2. An image enhancement system for a coal mine downhole, comprising:

the HSV space conversion module is used for converting an original underground coal mine image from an RGB space to an HSV space and extracting a brightness component, a saturation component and a chromaticity component;

the MSR algorithm improvement module is used for taking the weight factor of the bilateral filtering function as a center surrounding function of the MSR algorithm, providing the MSR algorithm fused with the bilateral filtering, and constructing an improved MSR algorithm model;

the image enhancement module is used for carrying out image enhancement processing on the brightness component by adopting an improved MSR algorithm model;

the image correction module is used for keeping the tone component unchanged and carrying out image correction on the saturation component;

the RGB space conversion module is used for converting the underground coal mine image subjected to brightness component enhancement and saturation component correction from HSV space to RGB space;

the improved MSR algorithm model is as follows:

wherein I is _V (x, y) represents an original image of the luminance component; h _k (x, y) is the weight factor of the bilateral filter function, namely the center-around function; log (I) _V (x，y)*H _k (x, y)) represents an illuminance component; k represents the number of scales, k=1, 2,3 … N; w (w) _k Represents the weight coefficient corresponding to each scale, andf (x, y) represents the gray value at the pixel point (x, y) to be enhanced, f (x) _o ，y _o ) Image center point (x) _o ，y _o ) Gray value at sigma _r Standard deviation, sigma, of gaussian function in space domain _d Is the standard deviation over the Gaussian range, τ is the correction function, m is a constant, Δ _f Representing the difference between the gray value of the pixel point to be enhanced and the gray value of the center point of the image.

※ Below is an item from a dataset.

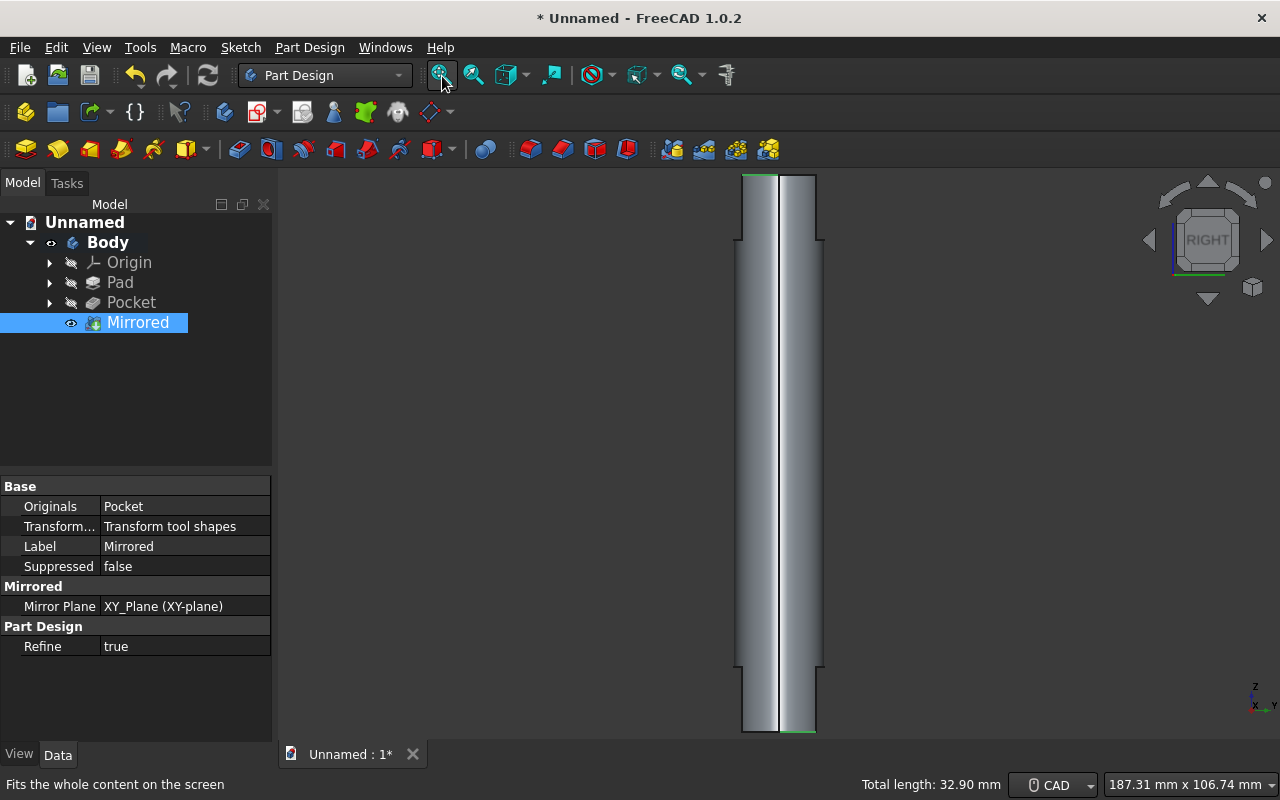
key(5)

3. The image enhancement system of claim 2, wherein the image enhancement module comprises:

the illumination component calculation unit is used for inputting the original image of the extracted brightness component into the improved MSR algorithm model, and carrying out convolution operation on the original image of the brightness component and the center surrounding function to obtain an illumination component of the object under illumination;

and the reflection component calculation unit is used for removing the illumination component from the original image of the brightness component, decomposing the reflection component of the object, and outputting the image of the reflection component to realize the image enhancement of the brightness component.

4. A computer storage medium having stored thereon a computer program for implementing the image enhancement method of claim 1 when executed by a processor.